Kernel ridge with cross-validation

This example demonstrates how to solve kernel ridge regression with a cross-validation of the regularization parameter, using himalaya’s estimator KernelRidgeCV.

Create a random dataset

import numpy as np
np.random.seed(0)
n_samples, n_features, n_targets = 10, 20, 4
X = np.random.randn(n_samples, n_features)
Y = np.random.randn(n_samples, n_targets)

Limit of GridSearchCV

In scikit-learn, one can use GridSearchCV to optimize hyperparameters over cross-validation.

import sklearn.model_selection
import sklearn.kernel_ridge

estimator = sklearn.kernel_ridge.KernelRidge(kernel="linear")
gscv = sklearn.model_selection.GridSearchCV(
    estimator=estimator,
    param_grid=dict(alpha=np.logspace(-2, 2, 5)),
)
gscv.fit(X, Y)

Out:

GridSearchCV(estimator=KernelRidge(),
             param_grid={'alpha': array([1.e-02, 1.e-01, 1.e+00, 1.e+01, 1.e+02])})

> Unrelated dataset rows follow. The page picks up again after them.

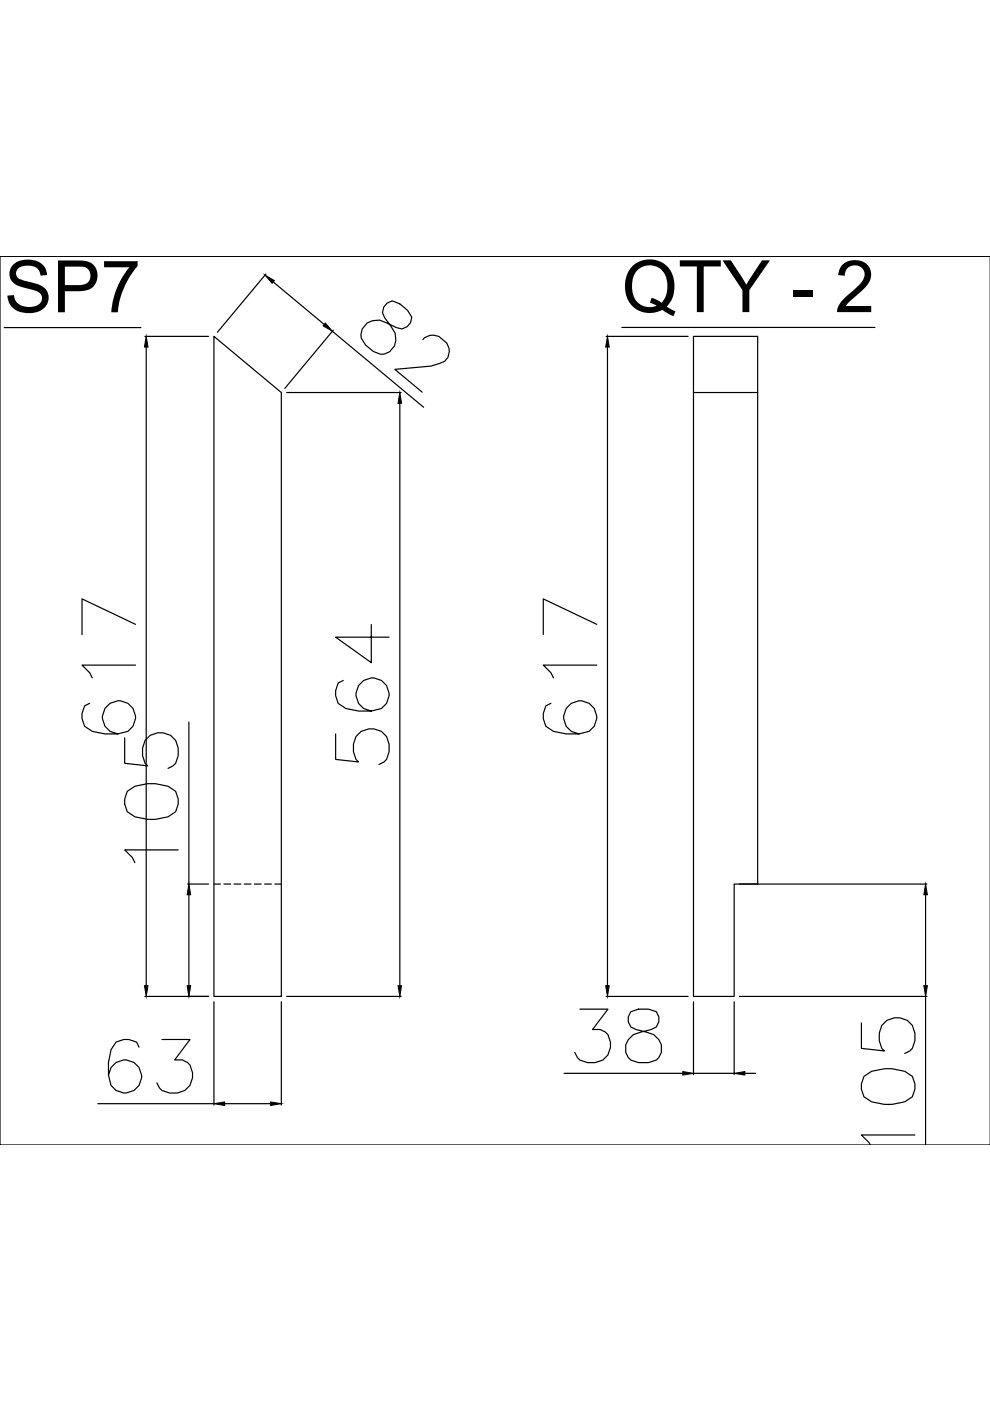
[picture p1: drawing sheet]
<svg xmlns="http://www.w3.org/2000/svg" width="210mm" height="297mm" viewBox="0 0 210 297" stroke-linecap="round" stroke-linejoin="round" font-family="sans-serif">
<defs><g id="words">
<g font-size="15.3">
<text x=".9" y="66.2">SP7</text>
<text x="131.8" y="66.2">QTY - 2</text>
</g>
</g></defs>
<!-- layer: 0 -->
<g fill="none" stroke="#000" stroke-width=".25">
<path d="M0 54.3h.1M0 54.3v188.5h210M0 54.3h210M56.4 58.1l-10.3 12.3M57.9 59.8l10.8 9M.9 69.5h29M30.7 71.3h13.5M31 73.6v135.4M45.4 71.3l14.2 11.9v128.1h-14.2zM70.5 70.2l19.3 16.1M70.7 70l-10.3 12.4M82.1 64.3l-.7 .8-.3 1.2 .5 1.1 1.3 1.8a3.4 3.4 0 0 1 .9 3.7 3.4 3.4 0 0 1-3.1 2.2l-1.5-.6-1.7-1.4a2.97 2.97 0 0 1-.9-3 2.97 2.97 0 0 1 2.3-2.1l1.6-.1 3.6 1.6a2.3 2.3 0 0 0 3.2-2.2l-.9-1.5-1.6-1.4-1.6-.6z"/>
<path d="M89.7 72a2.8 2.8 0 0 1 3.3-.7l1.7 1.4a2.77 2.77 0 0 1-1.5 4.4l-1.9 .5-7.6 .7 5.8 4.8M128.5 71.3h17.4M128.8 73.6v135.4M131.8 69.4h53.7M147 71.3h13.6v116.1h-4.9v23.9h-8.7zM60.8 83.2h24.2M84.8 85.5v123.5M147 83.2h13.6M28.7 132.4l-11.3-5.4v7.5M78.7 132.4v8.1l-7.5-5.4h11.3M126.5 132.4l-11.3-5.4v7.5M19 149.1l-1.1 .6-.5 1.6v1.1l.5 1.6 1.7 1.1 2.7 .5h2.7l2.1-.5a3.5 3.5 0 0 0 .4-5.7 3.5 3.5 0 0 0-5.5 1.4 3.5 3.5 0 0 0 3 4.8"/>
<path d="M26.4 156.4v5.4l4.9 .6a4.4 4.4 0 0 1 .5-6.5 3.9 3.9 0 0 1 4.5 .1 3.9 3.9 0 0 1 1.5 4.2l-.6 1.6-.5 .6-1.1 .5M28.7 141h-11.3l1.6 1.6 .6 1.1M40 153.1v34.3M71.2 155.6v5.4l4.8 .6a4.4 4.4 0 0 1 .6-6.5 3.9 3.9 0 0 1 4.4 .1 3.9 3.9 0 0 1 1.5 4.2l-.5 1.6-.6 .6-1.1 .5M72.8 144.3l-1.1 .5-.5 1.6v1.1l.5 1.6 1.6 1.1 2.7 .6h2.7l2.2-.6a3.5 3.5 0 0 0 .3-5.7 3.5 3.5 0 0 0-5.5 1.4 3.5 3.5 0 0 0 3 4.9M116.8 149.1l-1.1 .6-.5 1.6v1.1l.5 1.6 1.6 1.1 2.7 .5h2.7l2.2-.5a3.5 3.5 0 0 0 .4-5.7 3.5 3.5 0 0 0-5.6 1.4 3.5 3.5 0 0 0 3 4.8M126.5 141h-11.3l1.6 1.6 .5 1.1M27 167.8l1.6-1.1 2.7-.5h1.6l2.7 .5 1.6 1.1 .6 1.6v1.1l-.6 1.6-1.6 1.1-2.7 .5h-1.6l-2.7-.5-1.6-1.1-.6-1.6v-1.1zM37.8 180.2h-11.4l1.7 1.6 .5 1.1M39.8 187.4h4.4M40 189.7v19.3M156.8 187.4h39.7"/>
<path d="M196.2 189.7v19.3M30.7 211.3h13.5M45.4 212.4v21.9M59.6 212.4v21.9M60.8 211.3h24.2M122.9 214h6l-3.3 4.3a3.1 3.1 0 0 1 3.8 3.8 3.8 3.8 0 0 1-4.8 3.2l-1.7-.5-.5-.6-.5-1.1M128.5 211.3h17.4M133.8 214.5a2.29 2.29 0 0 0 1 3.8l2.2 .5a3.4 3.4 0 0 1 3.1 2.2 3.4 3.4 0 0 1-1 3.8l-1.6 .5h-2.1a2.97 2.97 0 0 1-2.6-1.8 2.97 2.97 0 0 1 .4-3.1l1.1-1 3.8-1.1a2.29 2.29 0 0 0 1-3.8l-1.6-.5h-2.1zM147 212.4v15.4M155.7 212.4v15.4M156.8 211.3h39.7M182.6 216.9v5.4l4.9 .5a4.4 4.4 0 0 1 .5-6.5 3.9 3.9 0 0 1 4.5 .1 3.9 3.9 0 0 1 1.5 4.3l-.6 1.6-.5 .5-1.1 .6"/>
<path d="M196.2 211.3v31.5M20.7 234h24.7M29.5 222l-.6-1.1-1.6-.5h-1.1l-1.6 .5-1.1 1.7-.5 2.7v2.7l.5 2.1a3.5 3.5 0 0 0 5.7 .4 3.5 3.5 0 0 0-1.4-5.5 3.5 3.5 0 0 0-4.8 3M34.3 220.4h6l-3.3 4.3a3.1 3.1 0 0 1 3.8 3.8 3.8 3.8 0 0 1-4.8 3.2l-1.7-.5-.5-.5-.5-1.1M47.6 234h9.8M119.6 227.6h25.2M147 227.6h8.7M157.9 227.6h2.3M183.2 228.2l1.6-1.1 2.7-.5h1.6l2.7 .5 1.6 1.1 .6 1.6v1.1l-.6 1.6-1.6 1.1-2.7 .6h-1.6l-2.7-.6-1.6-1.1-.6-1.6v-1.1zM194 240.6h-11.4l1.7 1.7 .2 .5"/>
</g>
<!-- layer: HIDDEN -->
<path d="M45.4 187.4h1.3M47.5 187.4h1.4M49.6 187.4h1.5M51.8 187.4h1.4M53.9 187.4h1.5M56.1 187.4h1.4M58.3 187.4h1.3" fill="none" stroke="#000" stroke-width=".25"/>
<!-- layer: 0 -->
<g fill="#000" stroke="#000" stroke-width=".21">
<path d="M56.2 58.3l2 1.2-.5 .6zM31 71.3l.4 2.3h-.8zM69 68.5l1.5 1.7-2-1.1zM128.8 71.3l.4 2.3h-.8zM84.8 83.2l.3 2.3h-.7zM40 187.4l.4 2.3h-.7zM196.2 187.4l.4 2.3h-.7zM30.6 209h.8l-.4 2.3zM39.7 209h.7l-.4 2.3zM84.4 209h.7l-.3 2.3zM128.4 209h.8l-.4 2.3zM195.9 209h.7l-.4 2.3z"/>
<path d="M45.4 234l2.2-.4v.8zM57.4 233.6l2.2 .4-2.2 .4zM144.8 227.2l2.2 .4-2.2 .3zM155.7 227.6l2.2-.4v.7z"/>
</g>
<use href="#words"/>
</svg>
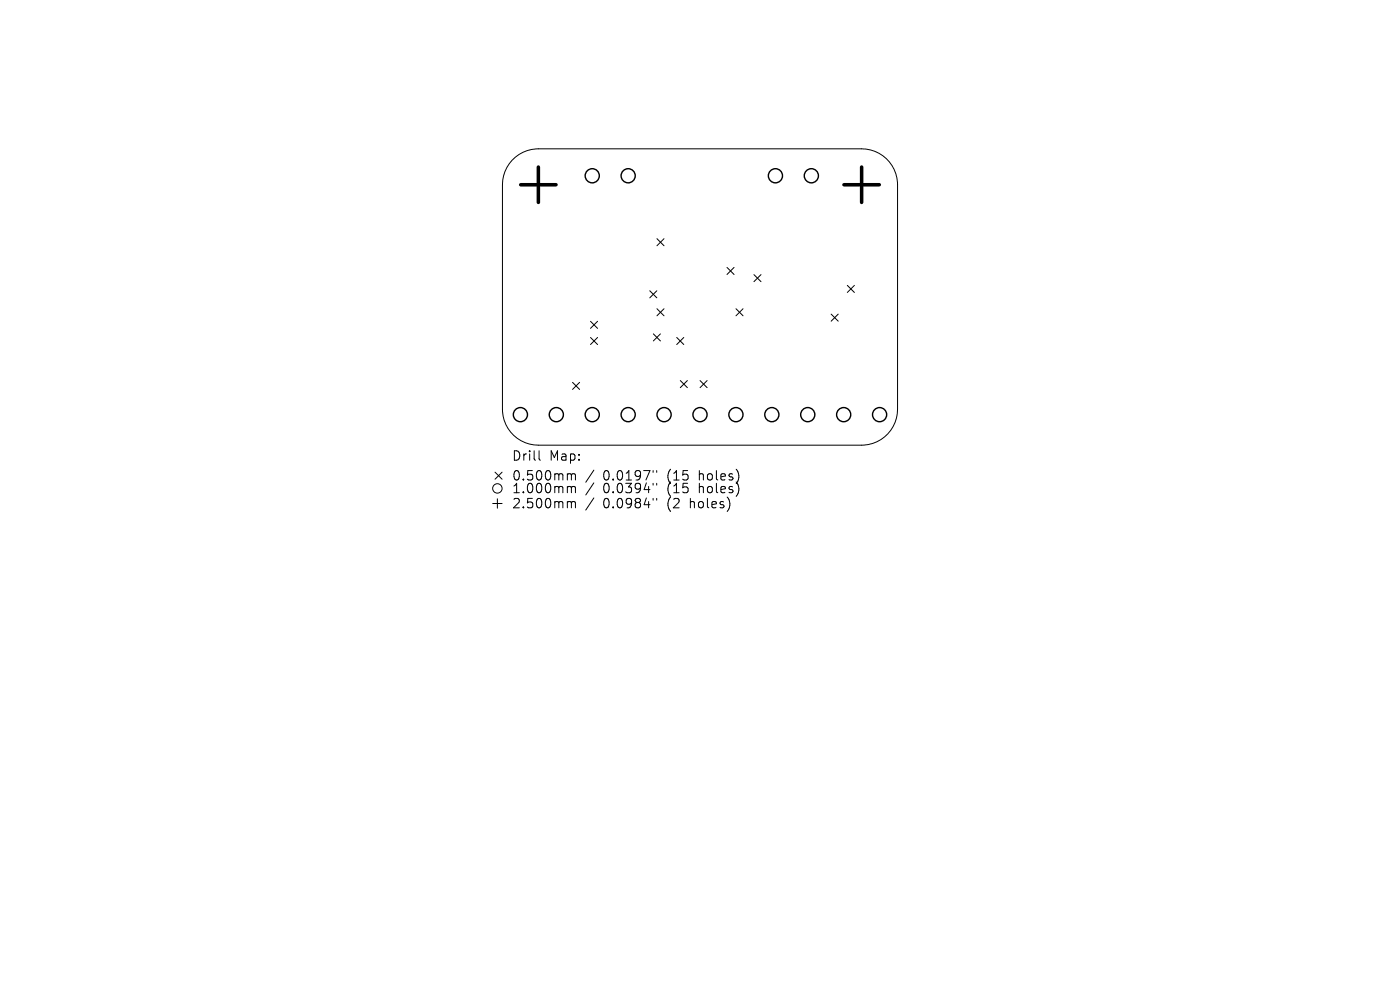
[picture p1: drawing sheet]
<svg xmlns="http://www.w3.org/2000/svg" width="297mm" height="210mm" viewBox="0 0 297 210" stroke-linecap="round" stroke-linejoin="round" font-family="sans-serif">
<defs><g id="words">
<g font-size="2.8">
<text x="108.5" y="98">Drill</text>
<text x="116.5" y="98">Map:</text>
<text x="108.5" y="102.2">0.500mm</text>
<text x="108.5" y="104.9">1.000mm</text>
<text x="128" y="102.2">0.0197&quot;</text>
<text x="128" y="104.9">0.0394&quot;</text>
<text x="141.7" y="102.2">(15</text>
<text x="141.7" y="104.9">(15</text>
<text x="148.6" y="102.2">holes)</text>
<text x="148.6" y="104.9">holes)</text>
<text x="108.5" y="108.1">2.500mm</text>
<text x="128" y="108.1">0.0984&quot;</text>
<text x="141.7" y="108.1">(2</text>
<text x="146.6" y="108.1">holes)</text>
</g>
</g></defs>
<g fill="none" stroke="#000" stroke-width=".21">
<path d="M108.7 34a7.6 7.6 0 0 1 5.5-2.4h68.6a7.6 7.6 0 0 1 7.6 7.6v47.6a7.6 7.6 0 0 1-7.6 7.6h-68.6a7.6 7.6 0 0 1-7.6-7.6v-47.6a7.6 7.6 0 0 1 2.1-5.2zM139.4 50.6l1.5 1.5M140.9 50.6l-1.5 1.5M154.2 56.7l1.5 1.5M155.7 56.7l-1.5 1.5M159.9 58.3l1.5 1.5M161.4 58.3l-1.5 1.5M125.3 68.2l1.5 1.5M125.3 71.6l1.5 1.5M126.8 68.2l-1.5 1.5M126.8 71.6l-1.5 1.5M137.8 61.7l1.5 1.5"/>
<path d="M138.6 70.8l1.5 1.5M139.3 61.7l-1.5 1.5M139.4 65.5l1.5 1.5M140.1 70.8l-1.5 1.5M140.9 65.5l-1.5 1.5M143.6 71.6l1.5 1.5M145.1 71.6l-1.5 1.5M156.1 65.5l1.5 1.5M157.6 65.5l-1.5 1.5M176.3 66.6l1.5 1.5M177.8 66.6l-1.5 1.5M179.8 60.5l1.5 1.5"/>
<path d="M181.3 60.5l-1.5 1.5M114.4 95.6v1.7l.2 .3M121.5 81.1l1.5 1.5M123 81.1l-1.5 1.5M126 99.7l-1.7 2.6M138.6 99.8v.4M139.3 99.8v.4M144.3 80.7l1.5 1.5M145.8 80.7l-1.5 1.5M148.5 80.7l1.5 1.5M150 80.7l-1.5 1.5M104.5 106.8h2"/>
<path d="M105 100.2l1.5 1.5M105.5 105.8v2M106.5 100.2l-1.5 1.5M120.6 100.5l.5 .1 .1 .2M120.6 103.2h.3l.3 .3M120.6 106.4h.3l.3 .3M121.2 100.8l.3-.3 .5 .1 .1 1.2M121.2 100.8v1M121.2 103.5v1M121.2 106.7v1M121.2 103.5l.3-.3 .5 .1 .1 1.2M121.2 106.7l.3-.3 .5 .1 .1 1.2"/>
<path d="M126 102.4l-1.7 2.6M126 105.6l-1.7 2.6M138.6 102.5v.4M138.6 105.7v.4M139.3 102.5v.4M139.3 105.7v.4"/>
<circle cx="105.5" cy="103.6" r="1"/>
</g>
<g fill="none" stroke="#000" stroke-width=".3">
<circle cx="125.6" cy="37.3" r="1.5"/>
<circle cx="133.3" cy="37.3" r="1.5"/>
<circle cx="164.5" cy="37.3" r="1.5"/>
<circle cx="172.1" cy="37.3" r="1.5"/>
<circle cx="110.4" cy="88" r="1.5"/>
<circle cx="118" cy="88" r="1.5"/>
<circle cx="125.6" cy="88" r="1.5"/>
<circle cx="133.3" cy="88" r="1.5"/>
<circle cx="140.9" cy="88" r="1.5"/>
<circle cx="148.5" cy="88" r="1.5"/>
<circle cx="156.1" cy="88" r="1.5"/>
<circle cx="163.7" cy="88" r="1.5"/>
<circle cx="171.4" cy="88" r="1.5"/>
<circle cx="179" cy="88" r="1.5"/>
<circle cx="186.6" cy="88" r="1.5"/>
</g>
<path d="M110.5 39.2h7.5M114.2 35.4v7.5M179 39.2h7.5M182.8 35.4v7.5" fill="none" stroke="#000" stroke-width=".75"/>
<use href="#words"/>
</svg>

However, since GridSearchCV optimizes the average score over all targets, it returns a single value for alpha.

gscv.best_params_

Out:

{'alpha': 100.0}

KernelRidgeCV

To optimize each target independently, himalaya implements KernelRidgeCV, which supports any cross-validation scheme compatible with scikit-learn.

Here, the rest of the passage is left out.